TASK ITEM
Please give the number of lines that hold the string "TAGLIO" in the listing, without any other words.

DATA FOR THIS EXERCISE

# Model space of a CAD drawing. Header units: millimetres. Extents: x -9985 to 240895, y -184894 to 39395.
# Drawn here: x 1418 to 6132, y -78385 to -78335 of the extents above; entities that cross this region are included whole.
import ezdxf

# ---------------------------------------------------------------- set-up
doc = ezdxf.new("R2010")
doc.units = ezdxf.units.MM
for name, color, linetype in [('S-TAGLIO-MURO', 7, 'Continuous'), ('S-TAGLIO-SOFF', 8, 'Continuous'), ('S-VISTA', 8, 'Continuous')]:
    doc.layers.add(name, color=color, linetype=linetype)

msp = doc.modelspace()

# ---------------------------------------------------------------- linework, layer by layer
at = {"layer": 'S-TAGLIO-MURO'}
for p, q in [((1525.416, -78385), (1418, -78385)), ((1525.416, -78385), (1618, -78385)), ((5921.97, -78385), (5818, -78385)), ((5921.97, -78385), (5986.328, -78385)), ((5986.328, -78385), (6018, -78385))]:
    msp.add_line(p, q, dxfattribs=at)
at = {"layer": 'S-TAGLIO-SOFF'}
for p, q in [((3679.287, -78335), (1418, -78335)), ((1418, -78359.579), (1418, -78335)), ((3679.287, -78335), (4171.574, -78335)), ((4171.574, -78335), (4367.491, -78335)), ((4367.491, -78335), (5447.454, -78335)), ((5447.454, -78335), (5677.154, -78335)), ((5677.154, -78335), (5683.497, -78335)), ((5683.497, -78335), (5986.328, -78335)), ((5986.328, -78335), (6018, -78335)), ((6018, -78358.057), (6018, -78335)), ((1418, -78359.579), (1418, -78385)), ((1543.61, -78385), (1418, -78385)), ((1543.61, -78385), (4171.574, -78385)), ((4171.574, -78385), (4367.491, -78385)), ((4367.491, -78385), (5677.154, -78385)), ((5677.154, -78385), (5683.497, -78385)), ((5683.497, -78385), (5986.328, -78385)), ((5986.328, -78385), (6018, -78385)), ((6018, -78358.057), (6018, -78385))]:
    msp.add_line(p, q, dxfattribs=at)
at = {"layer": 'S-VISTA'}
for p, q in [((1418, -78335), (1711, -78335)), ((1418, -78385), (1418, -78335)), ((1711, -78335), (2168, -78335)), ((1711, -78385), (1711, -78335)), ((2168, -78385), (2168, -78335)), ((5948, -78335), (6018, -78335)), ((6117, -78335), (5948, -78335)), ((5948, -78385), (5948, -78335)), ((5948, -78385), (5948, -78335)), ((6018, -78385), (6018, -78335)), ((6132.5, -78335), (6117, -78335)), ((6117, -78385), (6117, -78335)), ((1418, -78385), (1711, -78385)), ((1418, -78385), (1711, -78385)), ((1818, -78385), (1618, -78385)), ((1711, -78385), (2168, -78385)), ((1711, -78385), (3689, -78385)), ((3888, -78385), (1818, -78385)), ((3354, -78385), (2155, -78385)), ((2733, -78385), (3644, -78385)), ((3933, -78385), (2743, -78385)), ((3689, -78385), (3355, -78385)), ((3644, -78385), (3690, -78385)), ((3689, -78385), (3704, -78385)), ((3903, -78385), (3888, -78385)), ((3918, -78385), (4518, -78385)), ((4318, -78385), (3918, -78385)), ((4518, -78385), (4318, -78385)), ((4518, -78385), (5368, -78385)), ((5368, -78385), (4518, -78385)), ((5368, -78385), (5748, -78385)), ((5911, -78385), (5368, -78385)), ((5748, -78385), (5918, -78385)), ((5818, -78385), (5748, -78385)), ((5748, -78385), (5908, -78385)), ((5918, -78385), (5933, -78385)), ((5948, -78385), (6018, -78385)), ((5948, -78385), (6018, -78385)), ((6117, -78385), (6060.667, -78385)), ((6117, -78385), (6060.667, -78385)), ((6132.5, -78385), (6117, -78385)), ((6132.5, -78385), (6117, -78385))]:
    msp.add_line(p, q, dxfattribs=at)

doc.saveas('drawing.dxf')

RESPONSE TO THE EXERCISE
3